Items from a data source
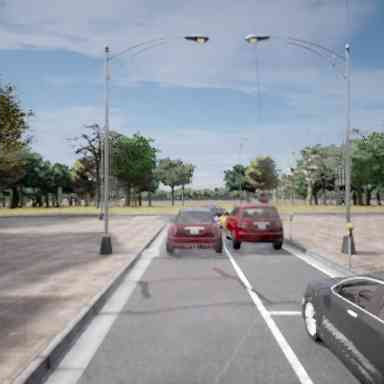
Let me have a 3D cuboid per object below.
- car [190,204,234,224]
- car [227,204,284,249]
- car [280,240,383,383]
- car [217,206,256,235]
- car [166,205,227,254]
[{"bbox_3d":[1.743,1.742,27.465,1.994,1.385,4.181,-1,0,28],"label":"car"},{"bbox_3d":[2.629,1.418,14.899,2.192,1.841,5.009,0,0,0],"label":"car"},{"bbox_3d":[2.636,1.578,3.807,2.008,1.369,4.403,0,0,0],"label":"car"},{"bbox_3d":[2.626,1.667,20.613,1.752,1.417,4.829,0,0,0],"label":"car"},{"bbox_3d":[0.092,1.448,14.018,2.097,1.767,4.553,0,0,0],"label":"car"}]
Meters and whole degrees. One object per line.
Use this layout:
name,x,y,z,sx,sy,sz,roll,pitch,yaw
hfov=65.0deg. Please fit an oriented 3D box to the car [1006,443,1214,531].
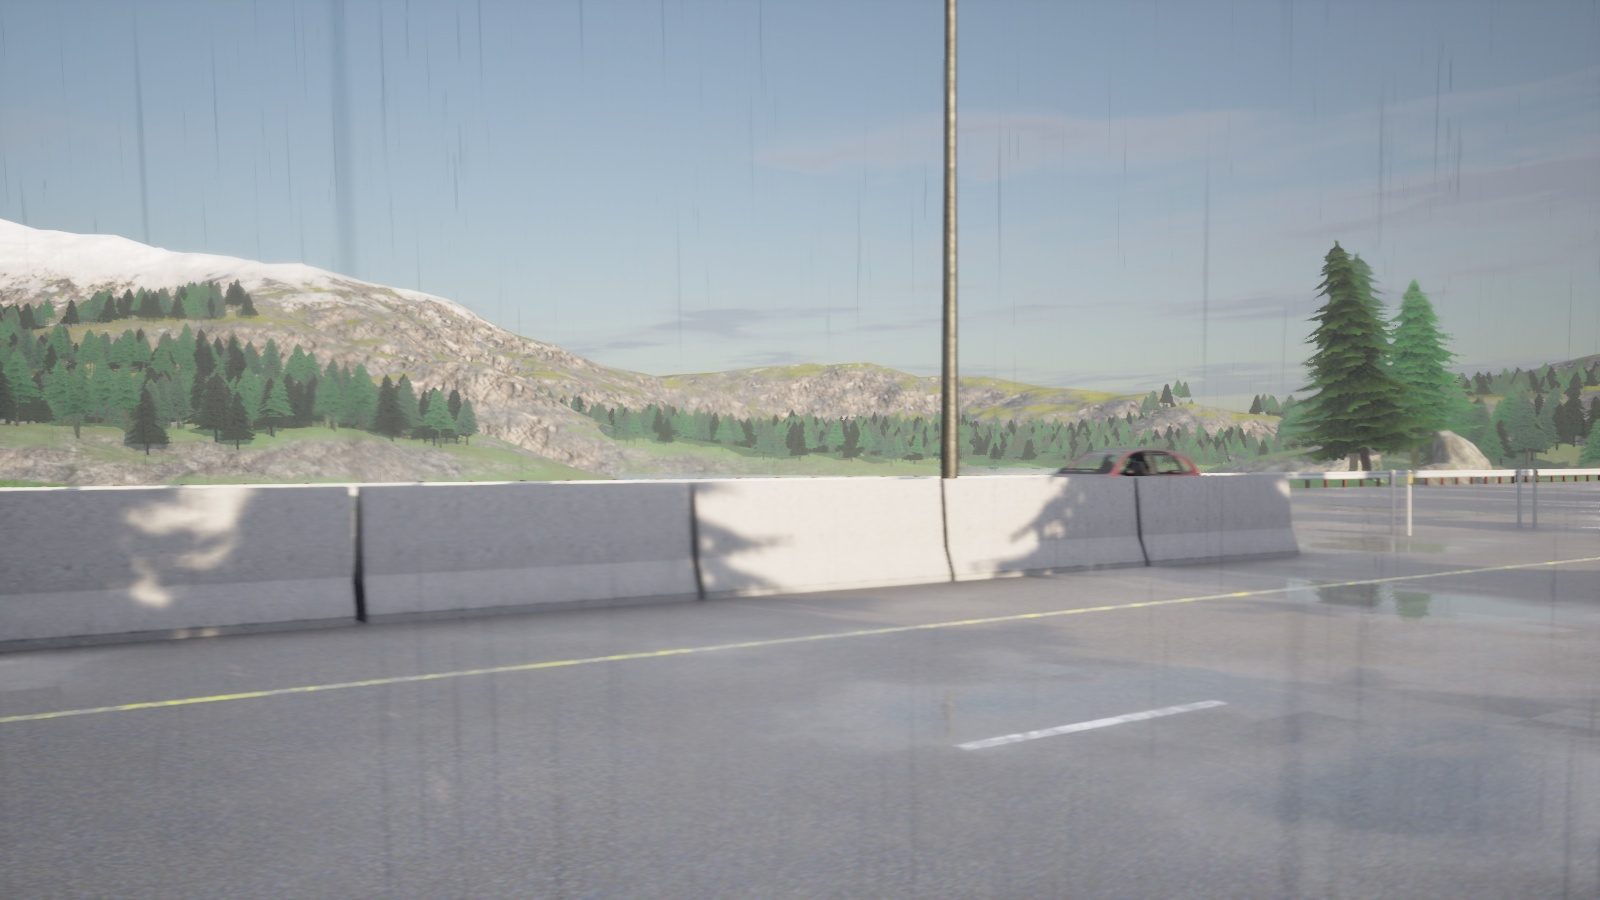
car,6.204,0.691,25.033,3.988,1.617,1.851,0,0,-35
---
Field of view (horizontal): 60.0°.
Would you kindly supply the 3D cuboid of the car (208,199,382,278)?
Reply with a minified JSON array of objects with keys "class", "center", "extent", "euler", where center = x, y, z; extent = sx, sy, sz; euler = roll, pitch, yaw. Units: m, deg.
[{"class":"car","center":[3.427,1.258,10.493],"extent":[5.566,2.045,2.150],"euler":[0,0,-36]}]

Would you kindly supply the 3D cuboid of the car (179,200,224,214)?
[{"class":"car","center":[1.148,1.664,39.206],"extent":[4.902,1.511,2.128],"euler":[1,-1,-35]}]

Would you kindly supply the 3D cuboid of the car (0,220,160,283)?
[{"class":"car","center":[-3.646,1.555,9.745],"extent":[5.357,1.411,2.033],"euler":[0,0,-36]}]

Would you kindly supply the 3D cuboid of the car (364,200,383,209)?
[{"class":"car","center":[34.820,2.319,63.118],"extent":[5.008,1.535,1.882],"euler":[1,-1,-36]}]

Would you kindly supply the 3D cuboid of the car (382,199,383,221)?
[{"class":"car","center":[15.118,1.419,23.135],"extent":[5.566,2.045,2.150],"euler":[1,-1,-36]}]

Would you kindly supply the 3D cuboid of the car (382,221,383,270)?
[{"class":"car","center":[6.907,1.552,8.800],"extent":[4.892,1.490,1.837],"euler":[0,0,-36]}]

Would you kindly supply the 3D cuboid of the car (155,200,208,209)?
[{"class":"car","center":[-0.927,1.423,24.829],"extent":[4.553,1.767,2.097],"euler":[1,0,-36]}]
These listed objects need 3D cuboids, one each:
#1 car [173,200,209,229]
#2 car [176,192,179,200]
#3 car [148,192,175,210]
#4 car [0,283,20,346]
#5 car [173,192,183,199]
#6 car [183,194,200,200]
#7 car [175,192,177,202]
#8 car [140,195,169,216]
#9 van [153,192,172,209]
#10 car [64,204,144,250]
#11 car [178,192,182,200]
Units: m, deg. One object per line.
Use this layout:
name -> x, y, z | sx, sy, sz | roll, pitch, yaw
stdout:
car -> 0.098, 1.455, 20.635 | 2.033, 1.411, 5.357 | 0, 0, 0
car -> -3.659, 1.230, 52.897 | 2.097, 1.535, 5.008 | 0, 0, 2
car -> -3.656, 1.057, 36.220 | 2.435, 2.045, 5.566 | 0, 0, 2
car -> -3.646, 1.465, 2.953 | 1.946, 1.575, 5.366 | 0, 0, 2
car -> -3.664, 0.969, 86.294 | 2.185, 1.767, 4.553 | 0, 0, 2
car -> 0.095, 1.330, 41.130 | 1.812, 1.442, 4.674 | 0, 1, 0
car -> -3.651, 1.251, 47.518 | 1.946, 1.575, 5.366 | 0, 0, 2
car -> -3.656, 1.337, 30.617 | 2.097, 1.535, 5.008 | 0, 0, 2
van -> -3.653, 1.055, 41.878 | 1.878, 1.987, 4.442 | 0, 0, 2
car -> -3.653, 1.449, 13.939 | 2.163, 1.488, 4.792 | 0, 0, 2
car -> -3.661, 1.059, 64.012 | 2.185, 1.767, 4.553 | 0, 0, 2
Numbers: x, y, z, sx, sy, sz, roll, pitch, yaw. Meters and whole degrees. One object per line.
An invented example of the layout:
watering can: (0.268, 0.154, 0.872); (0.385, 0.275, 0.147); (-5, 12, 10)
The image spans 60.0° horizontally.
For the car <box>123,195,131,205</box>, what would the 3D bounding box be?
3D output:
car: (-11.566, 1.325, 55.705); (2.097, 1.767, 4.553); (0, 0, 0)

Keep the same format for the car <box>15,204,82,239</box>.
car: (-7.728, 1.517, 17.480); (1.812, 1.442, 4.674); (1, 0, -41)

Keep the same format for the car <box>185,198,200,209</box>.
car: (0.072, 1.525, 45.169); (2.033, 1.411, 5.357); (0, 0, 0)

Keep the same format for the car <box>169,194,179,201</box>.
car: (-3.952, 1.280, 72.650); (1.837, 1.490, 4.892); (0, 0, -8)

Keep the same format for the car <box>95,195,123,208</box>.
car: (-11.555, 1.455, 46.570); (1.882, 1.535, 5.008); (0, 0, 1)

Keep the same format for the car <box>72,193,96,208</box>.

Task prompt -> How many of the lines above include "Meters"? Only the number should be given.

Result of this exercise -> 2